We and our various legal representatives have been subject to many lies, purposefully misleading statements and intimidation from the other side.  Aggressive legal behaviour when grounded in truth is much different to unwarranted threats, out right lies, feigned memory loss in the stand, and intimidation toward smaller legal offices, all of which we have witnessed first hand.  Unfortunately such actions are almost never punished which creates a popular market for such firms. Two particular Australian firms are renown for such bad behaviour. Firms that will seemingly take great personal risk by illegally stepping of the line forcefully are appreciated by clients looking for aggressive legal action.  However, it turns out there is virtually no risk resulting from such behaviour as almost nothing is ever and far from being a risk to those firms it is just a great marketing benefit which attracts more clients and perpetuates the court condoned behaviour.

Part of the reasoning for the FCA not allowing self-representation of corporates is that legal representatives are meant to be held to higher account, as it is their profession they are supposedly risking if they were to be inappropriate.  Our experience of lies and deceit from the opposing legal representatives make a mockery of this. The system is broken. 

Our first complaint is before the Legal Services Commissioner in Victoria but I would note the Commissioner’s own words that larger firms are almost never before the commissioner as they behave properly. I don’t think our experience is particularly exceptional so I believe this perception from the Legal Services Commissioner to be a distortion simply due to the power and influence of such firms allowing avoidance of consequence.

6. Procedural fairness and natural justice claims to be heard during a trial, not after.

When a judge makes gross errors in procedural fairness and natural justice it is wrong that a party must wait an inordinate amount of time to have that heard especially when a participant goes to great lengths to delay the possibility of review. In our case it will be years before we may be heard. Also, due to a terribly wrong decision by the Davies J to put solvent companies into insolvency by a party with no proper standing, the claims of the corporates will now never be heard.

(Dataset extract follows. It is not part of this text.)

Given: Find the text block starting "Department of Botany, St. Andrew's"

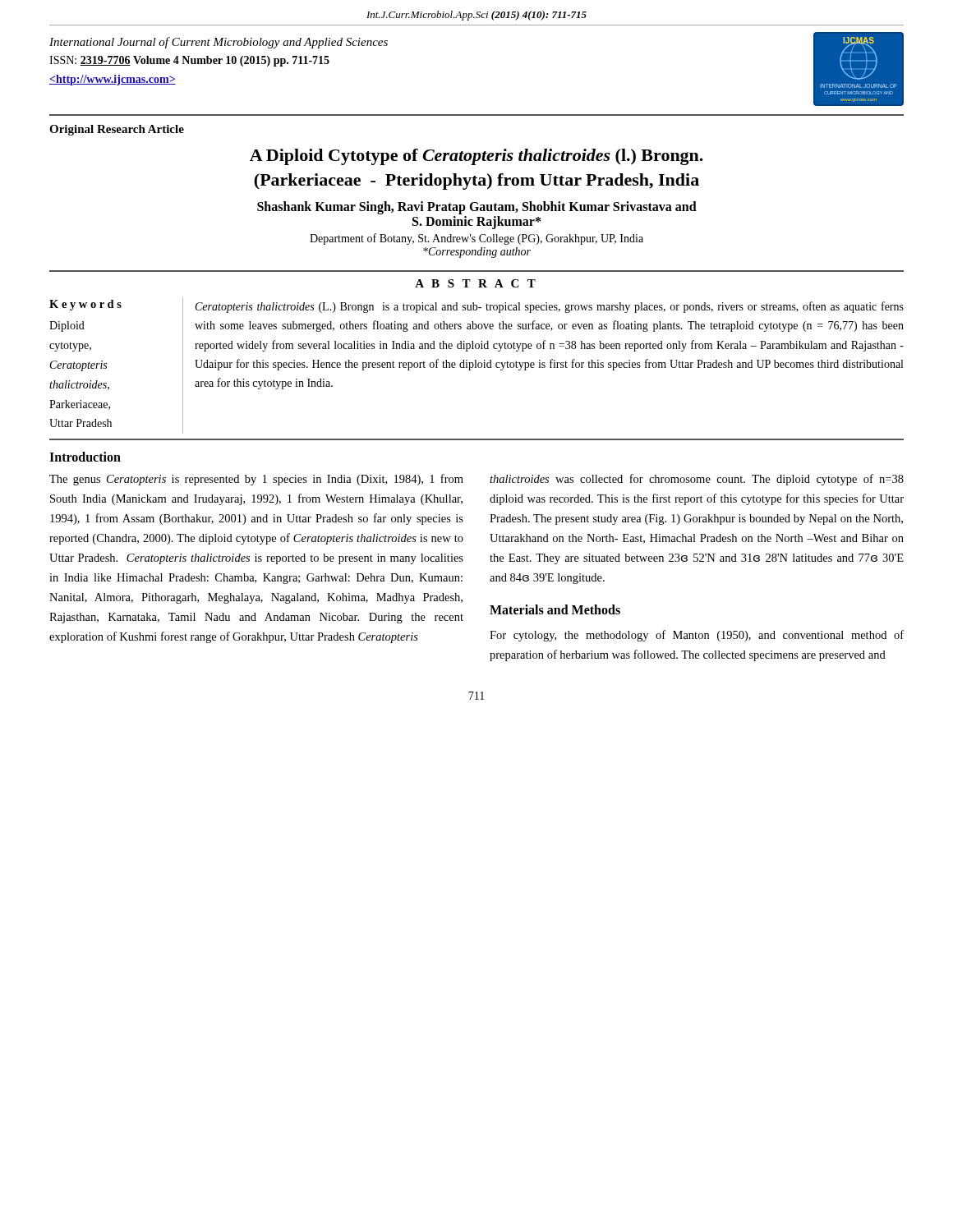Looking at the screenshot, I should (x=476, y=245).
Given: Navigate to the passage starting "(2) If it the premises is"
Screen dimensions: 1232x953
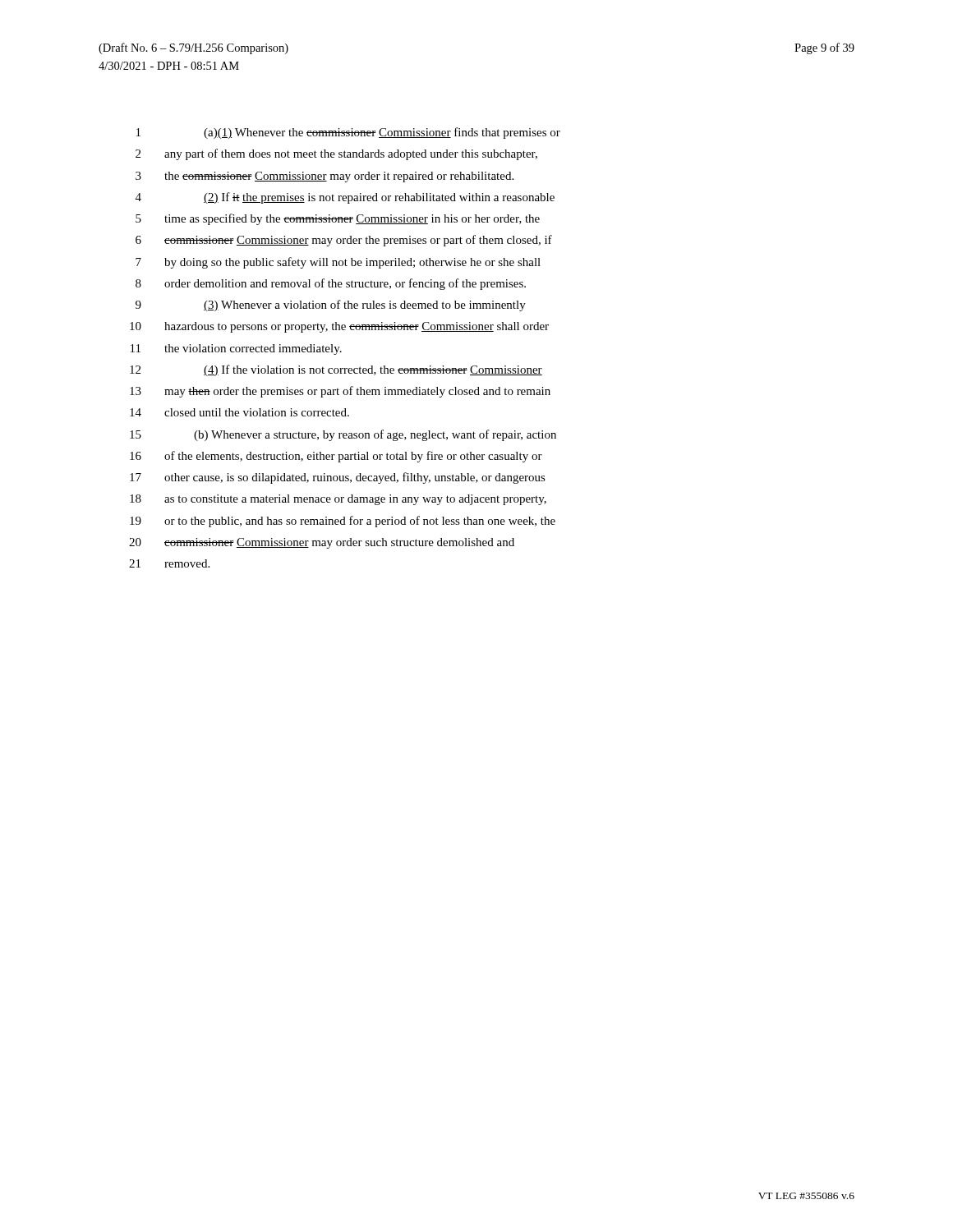Looking at the screenshot, I should (x=379, y=197).

It is wrong that a judge can change the allegations and the case after the trial has been run as Gordon J did. A person has a right to know what the case is that they are actually answering otherwise how can they present evidence and a defence?  It is wrong that a judge can ignore submissions from a defendant and quote irrelevant submissions from the other side.  It is wrong that a judge can throw out evidence wholesale without proper consideration. It is wrong that a judge can complain of evidence not being presented in a written judgment when the transcripts show they themselves denied it being presented. It is wrong that a judge may declare evidence is not to be heard until a second part of the trial then rule on that part of the case before the evidence is heard and then dismiss a stay or appeal. It is wrong that a judge can selectively ignore evidence in judgment when it does suit their purpose in a judgment.

When a judge, such as Gordon J, goes off the rails so outrageously, it is wrong that years can pass before any recourse is possible. It is wrong that other legal mechanisms can be further used to delay and derail having an avenue to appeal. The system is broken.

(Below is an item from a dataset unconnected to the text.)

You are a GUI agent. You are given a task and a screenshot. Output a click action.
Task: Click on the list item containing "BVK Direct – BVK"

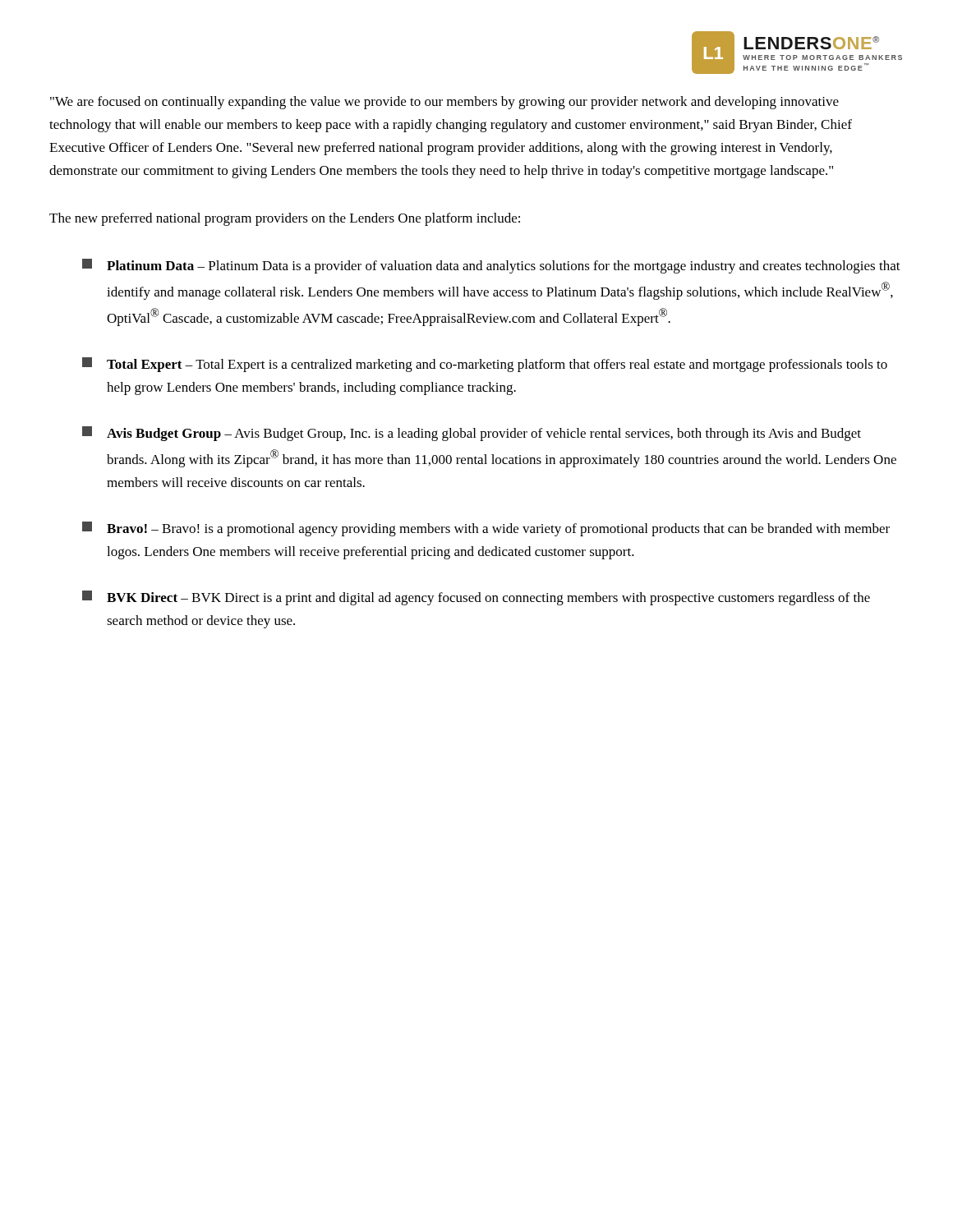(x=493, y=609)

7. Officers of the court should be held to a higher account with respect to apprehended bias from outside employment or directorships.

Davies J and Gordon J both work in the same tax faculty at Melbourne University Law School.  An applicant’s wife also worked at Melbourne University as a Professor.  The applicant and his wife had donated at least $200,000 over several years to the University of Melbourne.  That year of the trial, 2012, a relative of the applicant was awarded an academic prize in the Masters of Law and there are many other relationships between the applicants and the judicial officers, including at least one of the registrars. 

Gordon J is deciding an important ANZ bank fee class action case.  Gordon J’s boss on a school board Her Honour sits on is an ANZ executive.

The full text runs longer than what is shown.